Print the data that follows word for word, leaving out any picture.

> _RECORDS TO PROCESS_
+ + + +
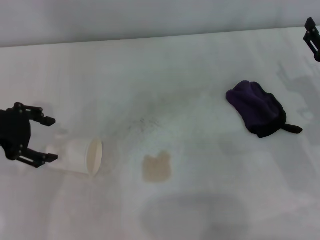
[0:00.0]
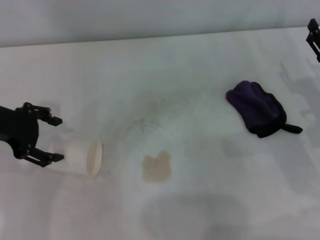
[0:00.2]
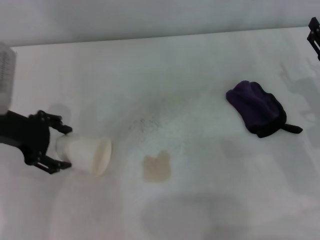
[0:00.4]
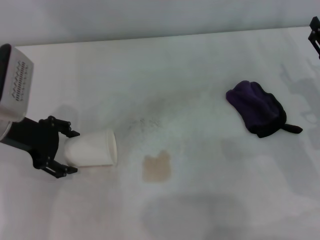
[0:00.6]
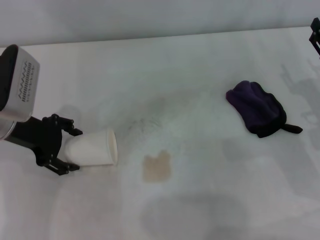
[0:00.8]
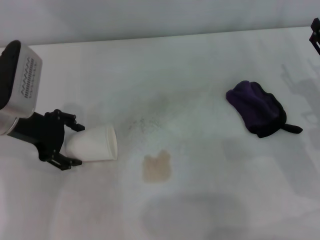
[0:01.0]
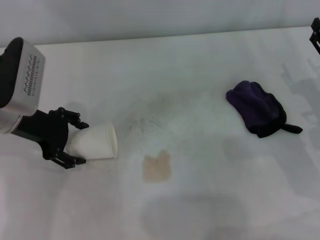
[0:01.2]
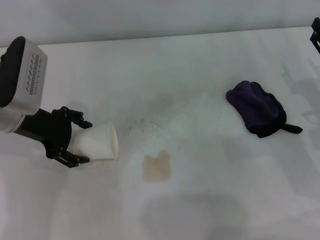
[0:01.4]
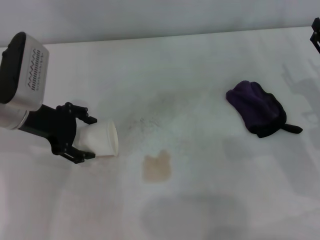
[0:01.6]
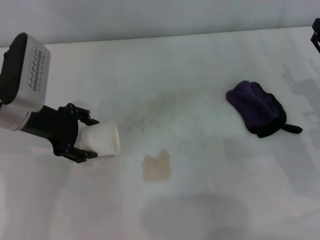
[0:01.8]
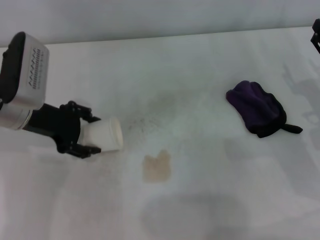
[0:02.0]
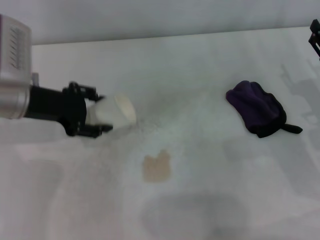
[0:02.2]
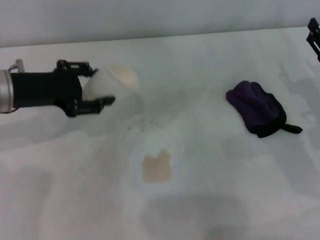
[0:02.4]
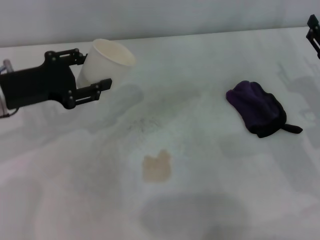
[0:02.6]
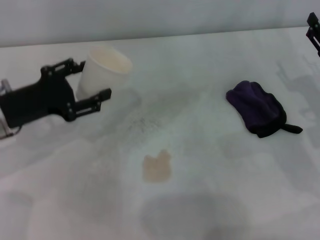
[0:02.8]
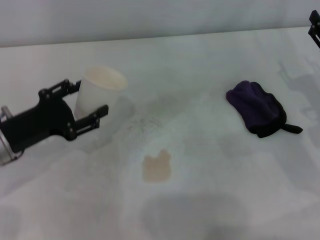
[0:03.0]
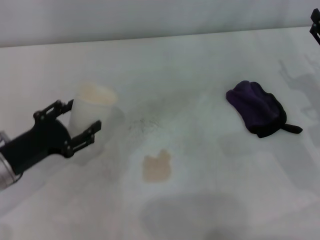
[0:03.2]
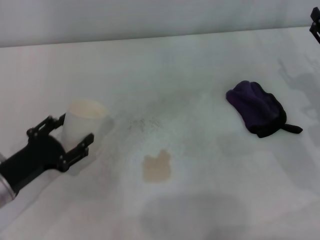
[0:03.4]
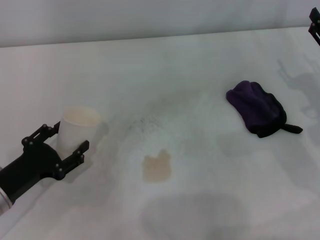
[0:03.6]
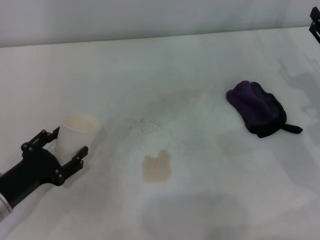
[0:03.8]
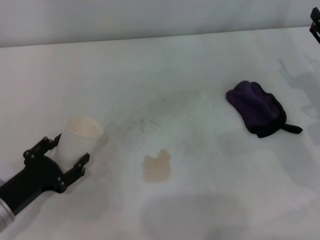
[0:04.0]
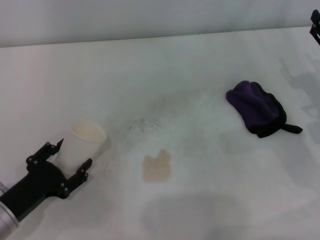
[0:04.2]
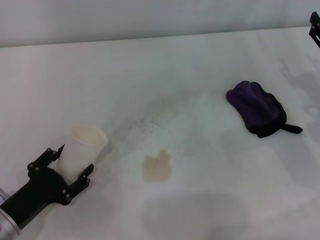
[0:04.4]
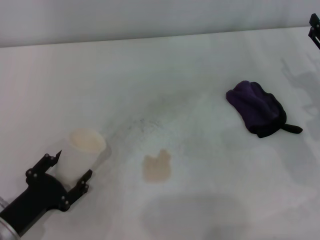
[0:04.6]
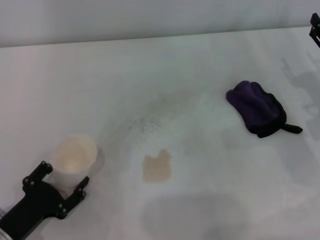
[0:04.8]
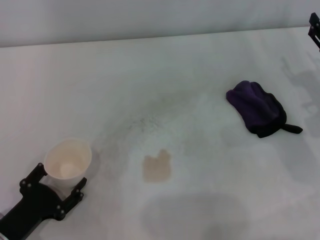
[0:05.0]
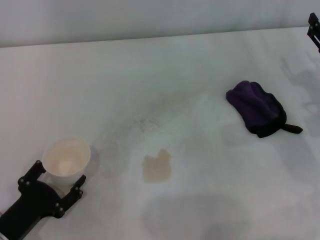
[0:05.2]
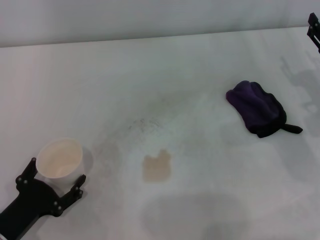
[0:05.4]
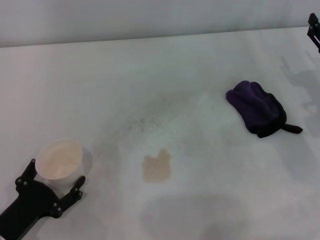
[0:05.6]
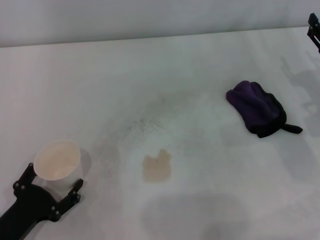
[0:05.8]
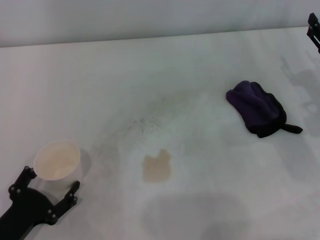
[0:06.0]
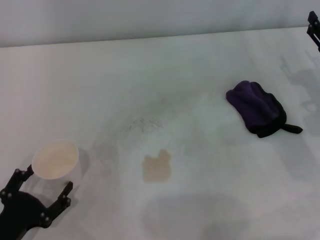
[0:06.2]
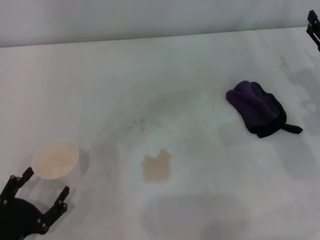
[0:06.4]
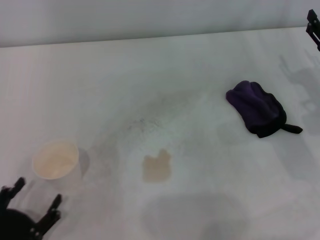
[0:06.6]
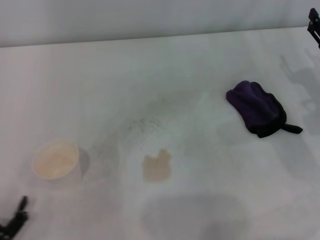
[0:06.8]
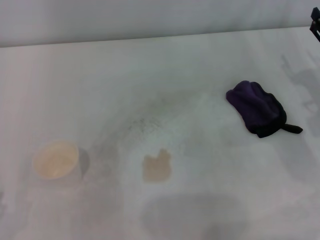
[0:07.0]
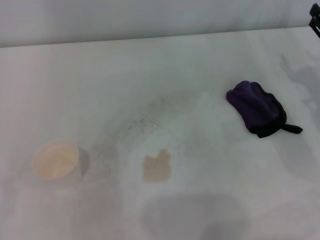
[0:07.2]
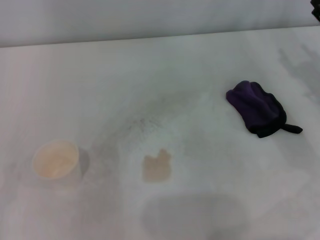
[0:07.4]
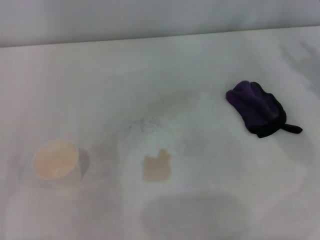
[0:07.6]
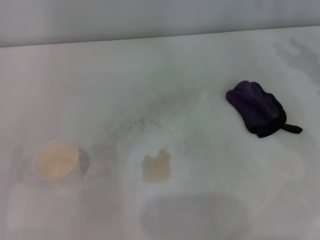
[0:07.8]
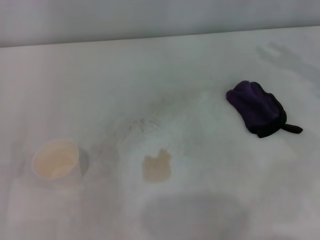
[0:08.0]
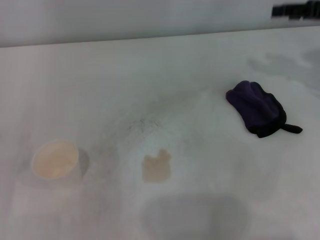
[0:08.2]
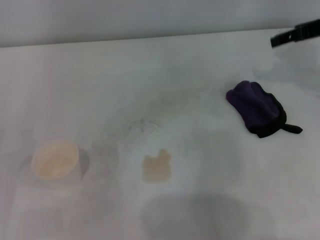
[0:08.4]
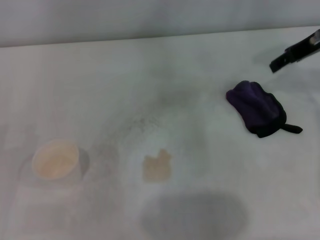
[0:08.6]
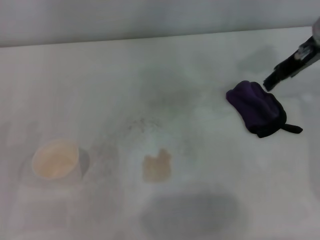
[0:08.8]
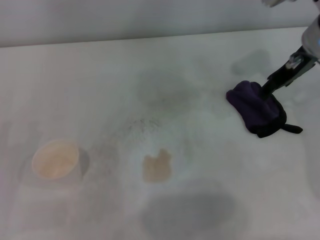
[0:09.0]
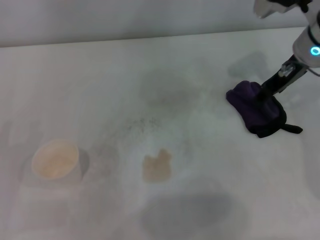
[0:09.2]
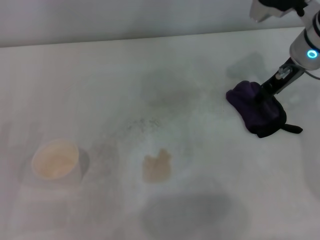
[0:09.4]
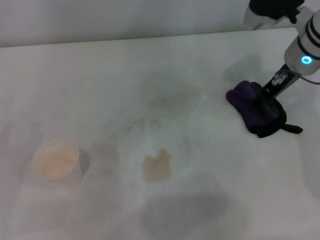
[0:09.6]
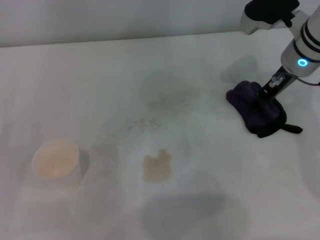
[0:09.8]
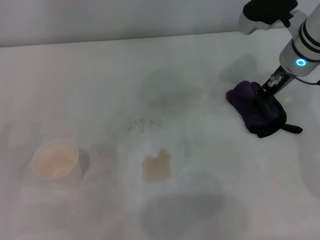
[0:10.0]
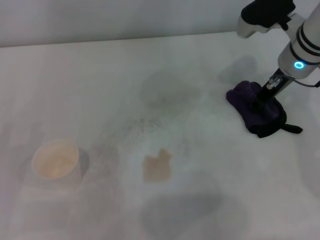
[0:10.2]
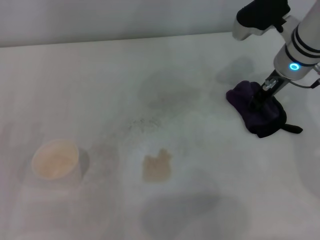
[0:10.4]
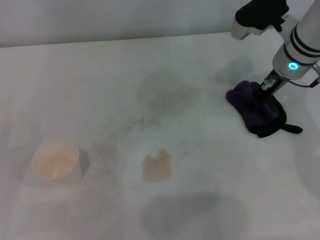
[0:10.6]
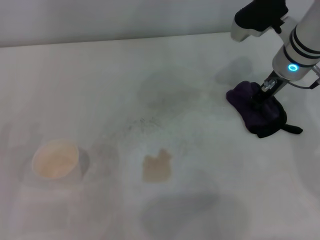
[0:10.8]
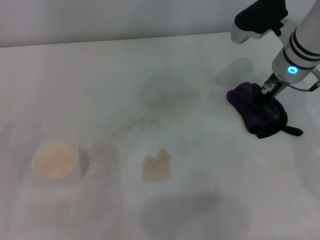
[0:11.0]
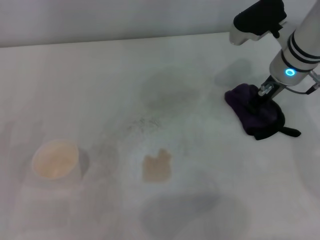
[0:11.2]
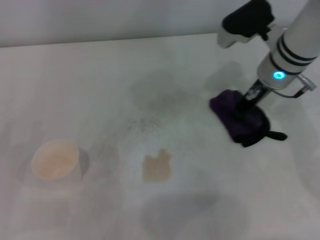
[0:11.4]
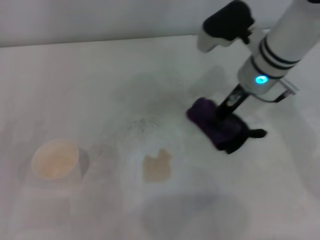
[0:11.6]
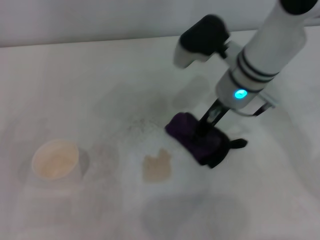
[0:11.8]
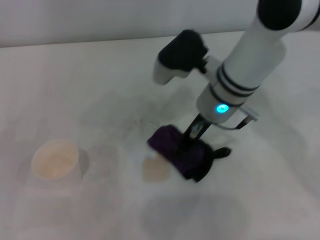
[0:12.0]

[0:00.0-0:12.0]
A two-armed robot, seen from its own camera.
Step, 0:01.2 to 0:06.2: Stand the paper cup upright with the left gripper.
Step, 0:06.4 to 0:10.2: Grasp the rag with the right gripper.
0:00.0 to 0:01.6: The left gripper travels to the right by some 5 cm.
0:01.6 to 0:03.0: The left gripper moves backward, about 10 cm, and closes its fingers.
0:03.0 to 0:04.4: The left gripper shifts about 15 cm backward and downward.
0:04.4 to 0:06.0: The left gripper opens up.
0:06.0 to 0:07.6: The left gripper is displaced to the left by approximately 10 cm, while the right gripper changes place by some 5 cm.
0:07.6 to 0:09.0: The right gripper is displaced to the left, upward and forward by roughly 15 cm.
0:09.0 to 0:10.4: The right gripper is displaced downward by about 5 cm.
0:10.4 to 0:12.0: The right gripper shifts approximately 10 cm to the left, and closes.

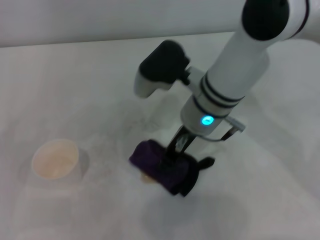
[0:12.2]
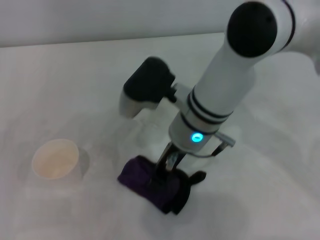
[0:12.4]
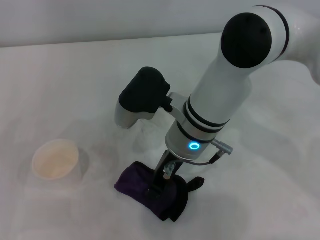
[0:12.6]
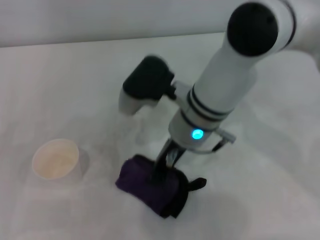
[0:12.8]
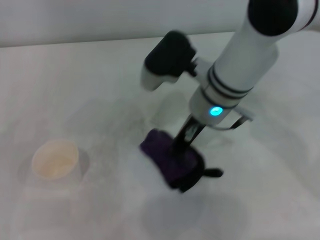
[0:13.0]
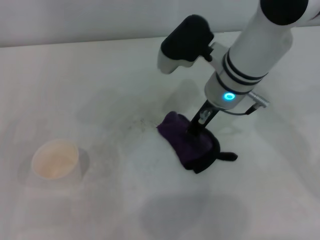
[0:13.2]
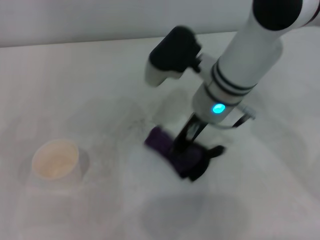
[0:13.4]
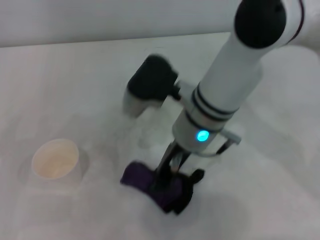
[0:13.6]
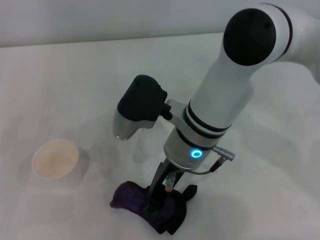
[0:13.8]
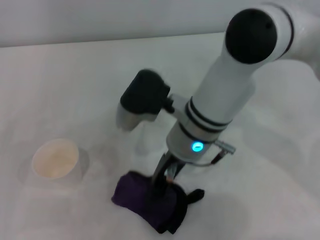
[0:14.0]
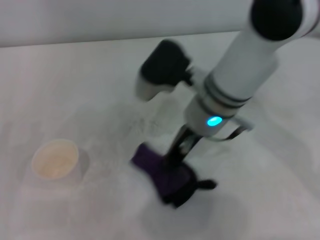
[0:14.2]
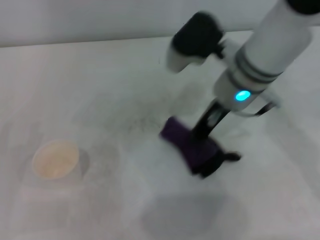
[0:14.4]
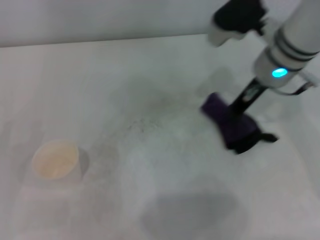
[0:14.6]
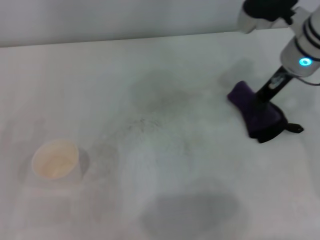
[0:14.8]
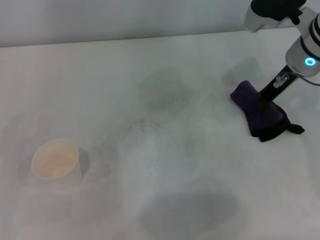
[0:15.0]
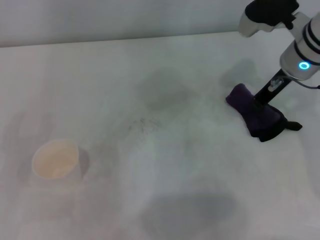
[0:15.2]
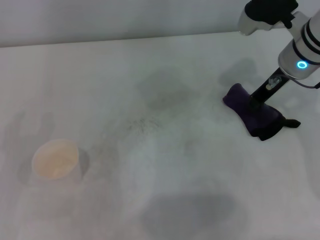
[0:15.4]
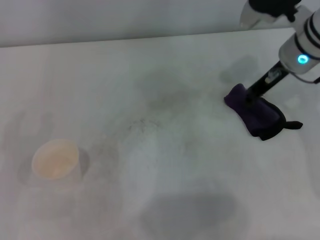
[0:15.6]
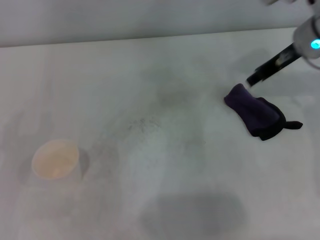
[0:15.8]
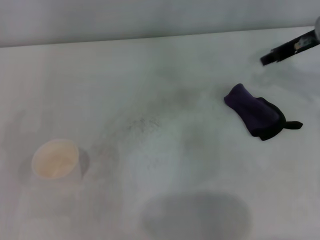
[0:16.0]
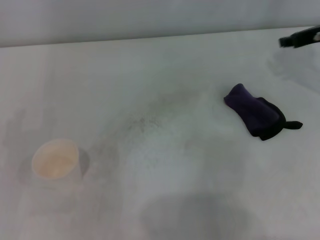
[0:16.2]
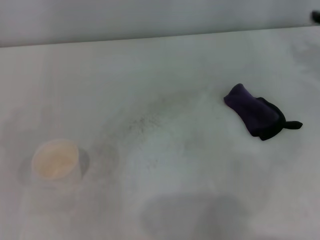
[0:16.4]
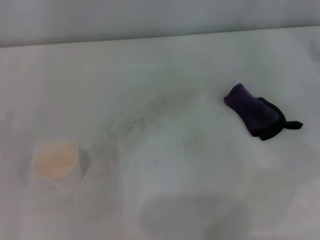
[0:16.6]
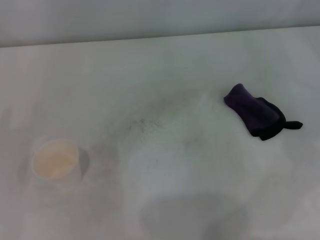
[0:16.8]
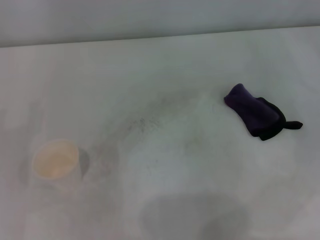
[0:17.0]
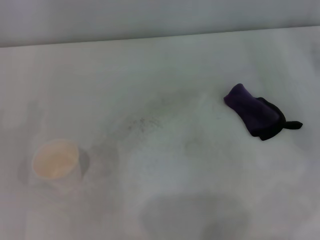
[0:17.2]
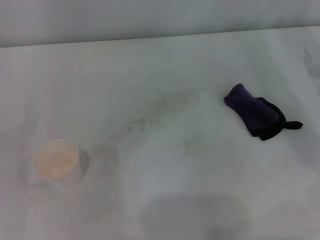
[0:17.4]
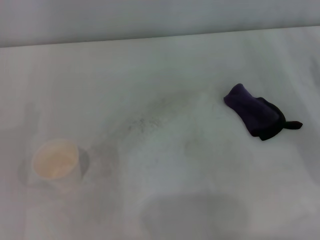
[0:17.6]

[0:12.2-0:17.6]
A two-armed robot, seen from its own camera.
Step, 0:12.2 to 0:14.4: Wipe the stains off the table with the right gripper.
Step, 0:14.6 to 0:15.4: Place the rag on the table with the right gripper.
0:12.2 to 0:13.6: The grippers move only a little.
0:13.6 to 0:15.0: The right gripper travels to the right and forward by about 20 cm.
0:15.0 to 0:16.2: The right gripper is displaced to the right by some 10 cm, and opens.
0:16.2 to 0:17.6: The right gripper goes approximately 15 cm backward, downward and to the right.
+ + + +
> _SOLUTION_
[0:00.0]
[0:00.2]
[0:00.4]
[0:00.6]
[0:00.8]
[0:01.0]
[0:01.2]
[0:01.4]
[0:01.6]
[0:01.8]
[0:02.0]
[0:02.2]
[0:02.4]
[0:02.6]
[0:02.8]
[0:03.0]
[0:03.2]
[0:03.4]
[0:03.6]
[0:03.8]
[0:04.0]
[0:04.2]
[0:04.4]
[0:04.6]
[0:04.8]
[0:05.0]
[0:05.2]
[0:05.4]
[0:05.6]
[0:05.8]
[0:06.0]
[0:06.2]
[0:06.4]
[0:06.6]
[0:06.8]
[0:07.0]
[0:07.2]
[0:07.4]
[0:07.6]
[0:07.8]
[0:08.0]
[0:08.2]
[0:08.4]
[0:08.6]
[0:08.8]
[0:09.0]
[0:09.2]
[0:09.4]
[0:09.6]
[0:09.8]
[0:10.0]
[0:10.2]
[0:10.4]
[0:10.6]
[0:10.8]
[0:11.0]
[0:11.2]
[0:11.4]
[0:11.6]
[0:11.8]
[0:12.0]

[0:00.0-0:12.0]
A two-armed robot, seen from its own camera.
Step, 0:01.2 to 0:06.2: Stand the paper cup upright with the left gripper.
Step, 0:06.4 to 0:10.2: Grasp the rag with the right gripper.
0:00.0 to 0:01.6: The left gripper travels to the right by some 5 cm.
0:01.6 to 0:03.0: The left gripper moves backward, about 10 cm, and closes its fingers.
0:03.0 to 0:04.4: The left gripper shifts about 15 cm backward and downward.
0:04.4 to 0:06.0: The left gripper opens up.
0:06.0 to 0:07.6: The left gripper is displaced to the left by approximately 10 cm, while the right gripper changes place by some 5 cm.
0:07.6 to 0:09.0: The right gripper is displaced to the left, upward and forward by roughly 15 cm.
0:09.0 to 0:10.4: The right gripper is displaced downward by about 5 cm.
0:10.4 to 0:12.0: The right gripper shifts approximately 10 cm to the left, and closes.

[0:12.2]
[0:12.4]
[0:12.6]
[0:12.8]
[0:13.0]
[0:13.2]
[0:13.4]
[0:13.6]
[0:13.8]
[0:14.0]
[0:14.2]
[0:14.4]
[0:14.6]
[0:14.8]
[0:15.0]
[0:15.2]
[0:15.4]
[0:15.6]
[0:15.8]
[0:16.0]
[0:16.2]
[0:16.4]
[0:16.6]
[0:16.8]
[0:17.0]
[0:17.2]
[0:17.4]
[0:17.6]

[0:12.2-0:17.6]
A two-armed robot, seen from its own camera.
Step, 0:12.2 to 0:14.4: Wipe the stains off the table with the right gripper.
Step, 0:14.6 to 0:15.4: Place the rag on the table with the right gripper.
0:12.2 to 0:13.6: The grippers move only a little.
0:13.6 to 0:15.0: The right gripper travels to the right and forward by about 20 cm.
0:15.0 to 0:16.2: The right gripper is displaced to the right by some 10 cm, and opens.
0:16.2 to 0:17.6: The right gripper goes approximately 15 cm backward, downward and to the right.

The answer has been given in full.